Although Merrill’s Principles of Instruction require that the learner can relate to the problem and apply information provided to achieve a solution, as digital literacy and network literacy are very fluid concepts, it is not certain that the design goals of the artefact will be achieved by all learners. It is possible that this shortcoming could be overcome by providing an opportunity for greater interaction with the artefact by, for example, providing more of a game-based approach where learners could ‘choose their own adventure’. This game-like format may give learners with a different level of digital literacy more chance to help develop their understanding of the problem and the solution (Wood, Griffiths, Chappell, & Davies, 2004).

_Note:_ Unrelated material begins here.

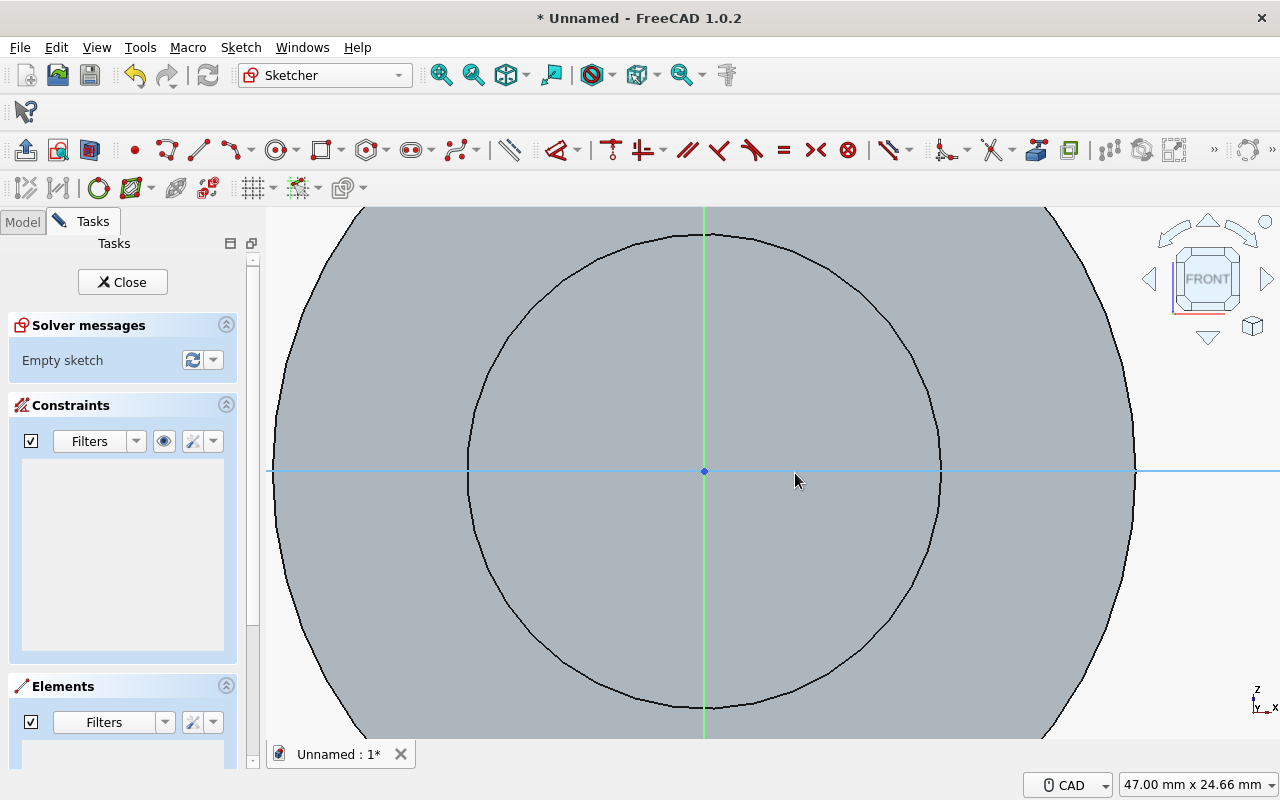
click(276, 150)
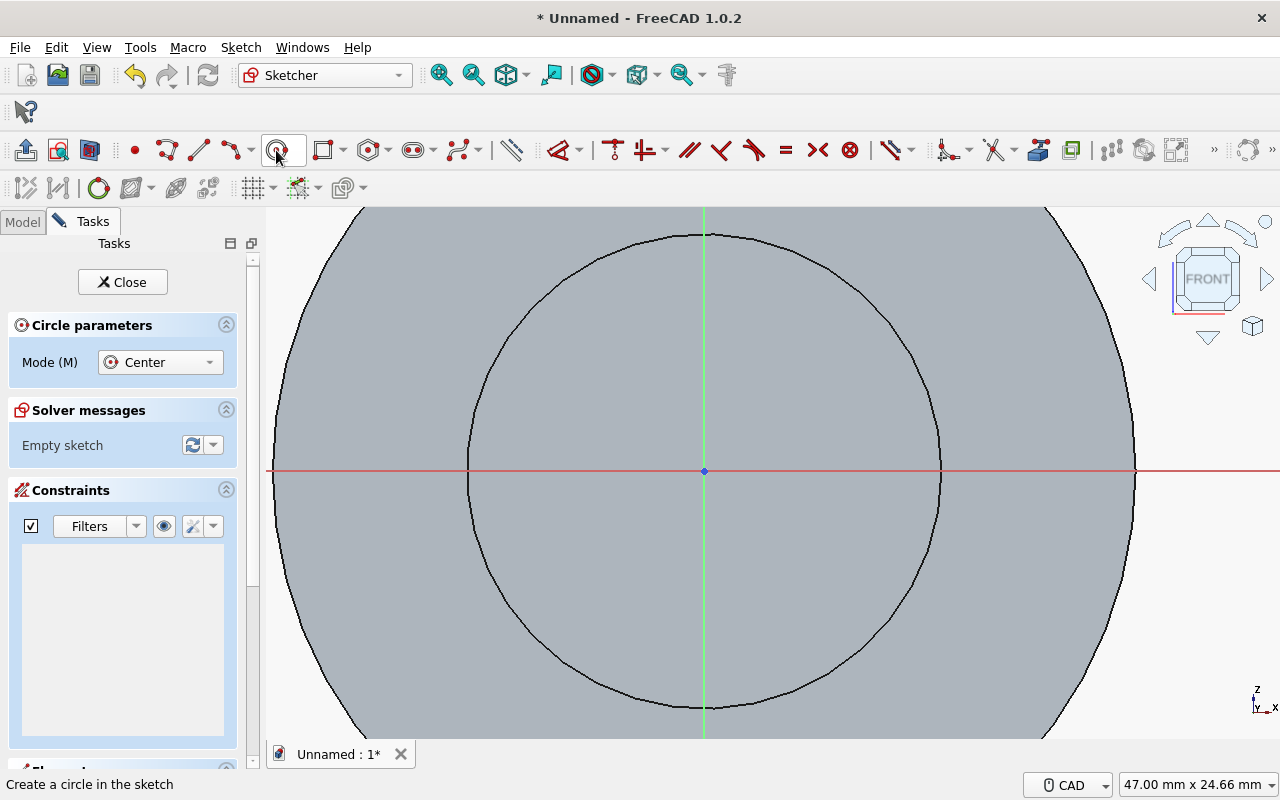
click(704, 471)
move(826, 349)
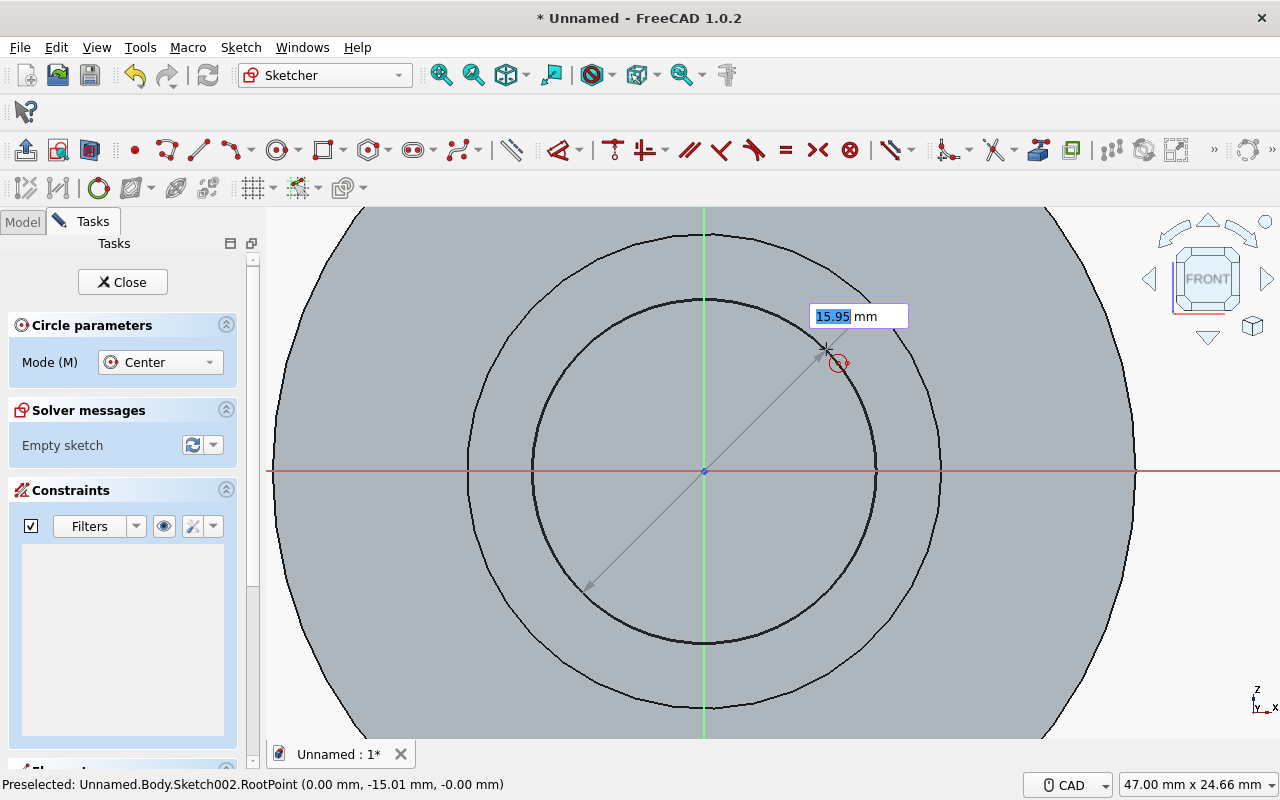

The artefact aims to address a critical part of network literacy, the security and privacy of the learner. Without security, there is a greater risk that information will be compromised. If a data breach leads to learners to lose trust in the tools that allow them to network, the result is likely to be they either opt-out of networks or reduce their contributions, damaging the nature of networked learning. The learning artefact promotes security by engaging learners through use of multi-media, narrative and interaction. Designing an artefact that addressed a meta-component of networked learning meant that I had to take care in ensuring that it would meet the design brief of creating something that embodies an aspect of knowledge networking. Ultimately, networks cannot thrive without security; therefore, I believe that there this artefact addresses one of the fundamentals aspects that promotes knowledge networking.